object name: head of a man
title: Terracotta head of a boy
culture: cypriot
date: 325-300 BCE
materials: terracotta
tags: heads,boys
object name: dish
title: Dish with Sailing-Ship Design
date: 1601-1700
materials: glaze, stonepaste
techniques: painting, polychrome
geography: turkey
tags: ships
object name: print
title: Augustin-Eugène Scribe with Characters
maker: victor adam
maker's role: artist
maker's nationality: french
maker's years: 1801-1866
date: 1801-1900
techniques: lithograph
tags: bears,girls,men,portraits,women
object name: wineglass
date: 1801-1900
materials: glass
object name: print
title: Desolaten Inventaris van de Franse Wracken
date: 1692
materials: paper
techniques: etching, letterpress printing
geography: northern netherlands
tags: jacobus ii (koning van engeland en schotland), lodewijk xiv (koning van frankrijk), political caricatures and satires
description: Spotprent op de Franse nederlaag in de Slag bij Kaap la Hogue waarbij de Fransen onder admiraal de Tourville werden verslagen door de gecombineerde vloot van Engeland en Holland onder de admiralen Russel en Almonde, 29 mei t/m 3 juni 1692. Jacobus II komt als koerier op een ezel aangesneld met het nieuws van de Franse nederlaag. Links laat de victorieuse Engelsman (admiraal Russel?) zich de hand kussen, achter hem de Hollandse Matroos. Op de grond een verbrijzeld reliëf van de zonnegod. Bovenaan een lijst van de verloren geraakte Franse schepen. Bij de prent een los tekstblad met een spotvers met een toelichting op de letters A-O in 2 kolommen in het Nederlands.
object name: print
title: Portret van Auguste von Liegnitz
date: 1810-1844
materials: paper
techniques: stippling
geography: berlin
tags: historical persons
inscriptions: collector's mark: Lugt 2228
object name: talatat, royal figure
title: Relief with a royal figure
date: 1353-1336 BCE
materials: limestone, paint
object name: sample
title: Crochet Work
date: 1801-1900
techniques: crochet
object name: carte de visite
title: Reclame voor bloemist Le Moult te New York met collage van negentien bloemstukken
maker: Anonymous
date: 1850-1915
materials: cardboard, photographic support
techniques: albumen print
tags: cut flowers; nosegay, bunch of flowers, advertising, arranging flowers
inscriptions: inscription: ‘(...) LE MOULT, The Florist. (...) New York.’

■ ■ ■ ■

- _Exercise details_:
Take the lines from the first line of the listing up to and including the line with "tags: jacobus ii" and give them again exactly.

- _Response area_:
object name: head of a man
title: Terracotta head of a boy
culture: cypriot
date: 325-300 BCE
materials: terracotta
tags: heads,boys
object name: dish
title: Dish with Sailing-Ship Design
date: 1601-1700
materials: glaze, stonepaste
techniques: painting, polychrome
geography: turkey
tags: ships
object name: print
title: Augustin-Eugène Scribe with Characters
maker: victor adam
maker's role: artist
maker's nationality: french
maker's years: 1801-1866
date: 1801-1900
techniques: lithograph
tags: bears,girls,men,portraits,women
object name: wineglass
date: 1801-1900
materials: glass
object name: print
title: Desolaten Inventaris van de Franse Wracken
date: 1692
materials: paper
techniques: etching, letterpress printing
geography: northern netherlands
tags: jacobus ii (koning van engeland en schotland), lodewijk xiv (koning van frankrijk), political caricatures and satires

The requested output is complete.